Mehr zur amerikanisch-mexikanischen Grenze
Doch das ist leichter gesagt als getan. Die Verhandlungen sind noch nicht abgeschlossen. Zu den Vorschlägen, die in Erwägung gezogen werden, gehören die Zurückweisung von Migranten, ohne ihnen die Möglichkeit zu geben, Asyl zu beantragen, aber auch die Ausweitung eines beschleunigten Abschiebeverfahrens oder die Anhebung des Standards für glaubwürdige Befürchtungen von Asylbewerbern. Das berichtet der US-Fernsehsender CNN am Mittwoch.
Was hat Donald Trump mit der Sache zu tun?
US-Präsident Biden hat die Beamten zu einem entscheidenden Zeitpunkt nach Mexiko-Stadt geschickt, da die Zahl der Grenzübertritte einen Rekord erreicht hat und der Druck auf Biden wächst, die Krise zu lösen oder zumindest einzudämmen, die sich als ständige politische Schwachstelle erwiesen hat. Die Situation an der amerikanisch-mexikanischen Grenze steht im Mittelpunkt einiger von Bidens wichtigsten Prioritäten für das Jahr 2024 – auch im Zusammenhang mit dem bevorstehenden Rennen um das Weisse Haus im kommenden Jahr.

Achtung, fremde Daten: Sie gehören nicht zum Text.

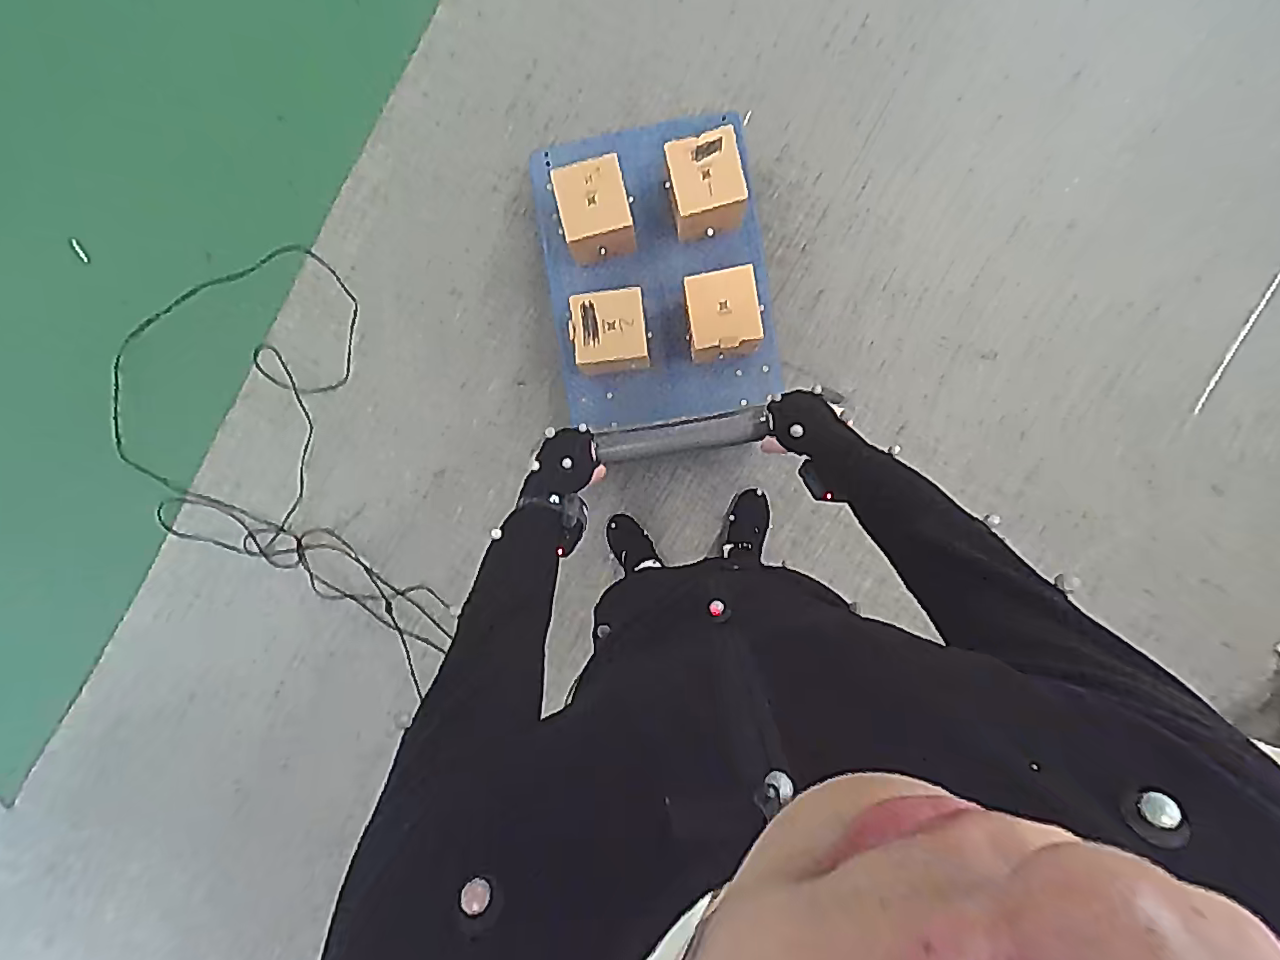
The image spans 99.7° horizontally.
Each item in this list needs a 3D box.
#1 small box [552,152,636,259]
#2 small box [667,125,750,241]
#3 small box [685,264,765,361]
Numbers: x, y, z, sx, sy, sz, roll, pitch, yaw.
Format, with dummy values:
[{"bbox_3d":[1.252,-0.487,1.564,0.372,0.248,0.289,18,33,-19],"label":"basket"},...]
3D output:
[{"bbox_3d":[-0.108,-0.672,1.351,0.168,0.176,0.179,-13,92,3],"label":"small box"},{"bbox_3d":[0.163,-0.724,1.333,0.168,0.176,0.179,-13,92,4],"label":"small box"},{"bbox_3d":[0.205,-0.408,1.343,0.168,0.176,0.179,-9,92,4],"label":"small box"}]
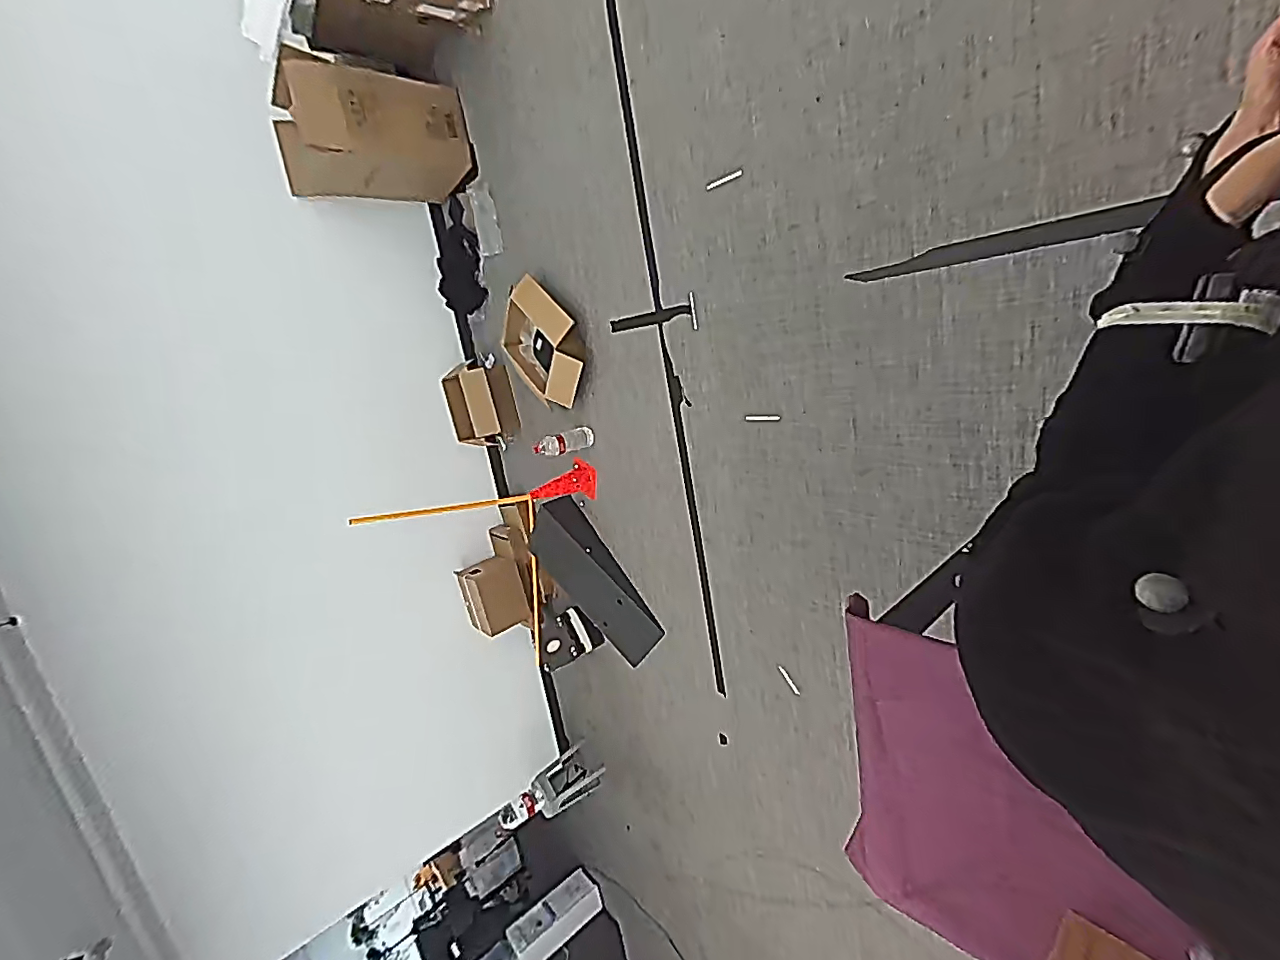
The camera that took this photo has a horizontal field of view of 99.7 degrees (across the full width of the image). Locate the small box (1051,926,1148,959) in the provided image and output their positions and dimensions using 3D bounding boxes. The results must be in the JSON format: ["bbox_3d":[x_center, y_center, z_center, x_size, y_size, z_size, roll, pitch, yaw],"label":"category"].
[{"bbox_3d":[0.646,0.756,0.721,0.179,0.176,0.168,12,115,49],"label":"small box"}]

Und: Auch der republikanische Präsidentschaftskandidat Trump macht die illegale Migration zum Kernthema seines Wahlkampfs für den Präsidentschaftsposten 2024. Die Bekämpfung der illegalen Einwanderung war bereits ein Schwerpunkt von Trumps Präsidentschaft, und es besteht kaum ein Zweifel daran, dass er diesem Thema im Falle seiner Wiederwahl erneut Priorität einräumen wird.
Trumps «zunehmend harsche, Migranten dämonisierende Sprache», wie CNN schreibt, erreicht neue Extreme. Bei einer Kundgebung in New Hampshire eine Woche vor Weihnachten zog Trump Vergleiche mit der Sprache Nazideutschlands, als er sagte, Migranten aus Afrika, Asien und Südamerika «vergiften das Blut unseres Landes».